For the Reading Stack

From the Washington Post, a look at New Jersey Governor Chris Christie and the rise and controversy of non-prosecution and deferred prosecution agreements.

In this recent NY Times Dealbook article, “S.E.C.’s Losing Streak in Court Puts Agency in Spotlight,” Professor Peter Henning (a former SEC enforcement official) begins as follows.

“Every litigator says that trials are messy affairs because no one can predict how they will play out.  After a string of recent unfavorable verdicts in fraud cases, the Securities and Exchange Commission may, too, be concerned with that trend.
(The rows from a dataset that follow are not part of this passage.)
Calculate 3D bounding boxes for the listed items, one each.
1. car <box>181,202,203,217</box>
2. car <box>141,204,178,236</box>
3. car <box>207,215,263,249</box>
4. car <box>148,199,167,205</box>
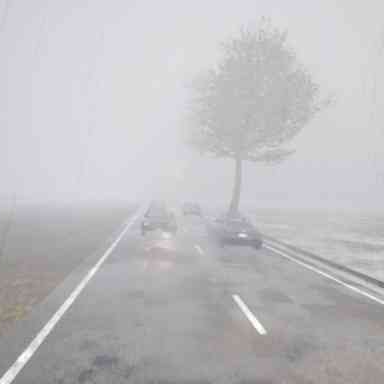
[{"bbox_3d":[-0.052,1.787,34.504,2.033,1.411,5.357,4,0,-6],"label":"car"},{"bbox_3d":[-1.884,1.641,18.936,1.895,1.301,4.718,4,0,-6],"label":"car"},{"bbox_3d":[1.949,1.821,16.144,1.994,1.385,4.181,4,0,-6],"label":"car"},{"bbox_3d":[-3.720,1.508,35.838,2.128,1.511,4.902,4,0,-6],"label":"car"}]
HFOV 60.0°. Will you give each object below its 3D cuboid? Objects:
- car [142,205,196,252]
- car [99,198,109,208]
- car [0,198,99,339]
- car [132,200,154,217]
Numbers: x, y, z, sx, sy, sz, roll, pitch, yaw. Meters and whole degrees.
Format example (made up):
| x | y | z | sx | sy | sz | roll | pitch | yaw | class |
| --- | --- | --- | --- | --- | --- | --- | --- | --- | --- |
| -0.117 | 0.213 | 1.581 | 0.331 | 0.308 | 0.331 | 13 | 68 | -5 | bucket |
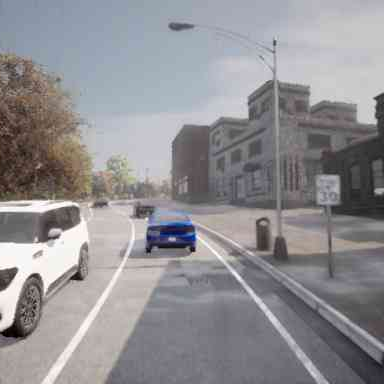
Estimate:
| x | y | z | sx | sy | sz | roll | pitch | yaw | class |
| --- | --- | --- | --- | --- | --- | --- | --- | --- | --- |
| -0.979 | 1.517 | 14.124 | 1.882 | 1.535 | 5.008 | 0 | 0 | -7 | car |
| -12.833 | 1.522 | 47.016 | 1.895 | 1.301 | 4.718 | 2 | 0 | -18 | car |
| -3.691 | 1.229 | 6.884 | 2.150 | 2.045 | 5.566 | 0 | 0 | -4 | car |
| -4.550 | 1.579 | 31.798 | 1.837 | 1.490 | 4.892 | 1 | 0 | -15 | car |
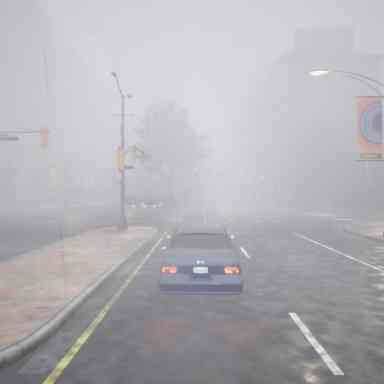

The S.E.C. is a bit like the New York Yankees, because every defeat is magnified, so we should be careful not to read too much into the anecdotal evidence as garnered by the results of a few recent trials.  Most cases filed by the agency are settled, garnering only modest publicity, so the effectiveness of its enforcement program is not tied solely to its wins in the courtroom.”

For more on the SEC’s recent losses, see here from Marc Fagel and Mary Kay Dunning (Gibson Dunn).

“One likely consequence [of the SEC's recent losses] may be an increase in the number of enforcement matters filed as administrative cease-and-desist proceedings rather than as federal district court actions.”

Spot-on observation, but again a sorry state of affairs in that a way for the SEC to avoid litigated losses when put to its burden of proof is to avoid the judicial system altogether.

A recent survey from AlixPartners conducted in November 2013.  (The survey group consisted of executives at companies based in North America, Europe, the Middle East, and Asia that have annual revenues of $150 million or more).  “The survey also found that although some companies have expanded the scope of their reviews of their foreign subsidiaries, one-third said they have not done that. Less than half (43%) of respondents said they regularly conduct due diligence on third-party agents.”  (See here for the prior post “It’s More Like Bronze Dust.”).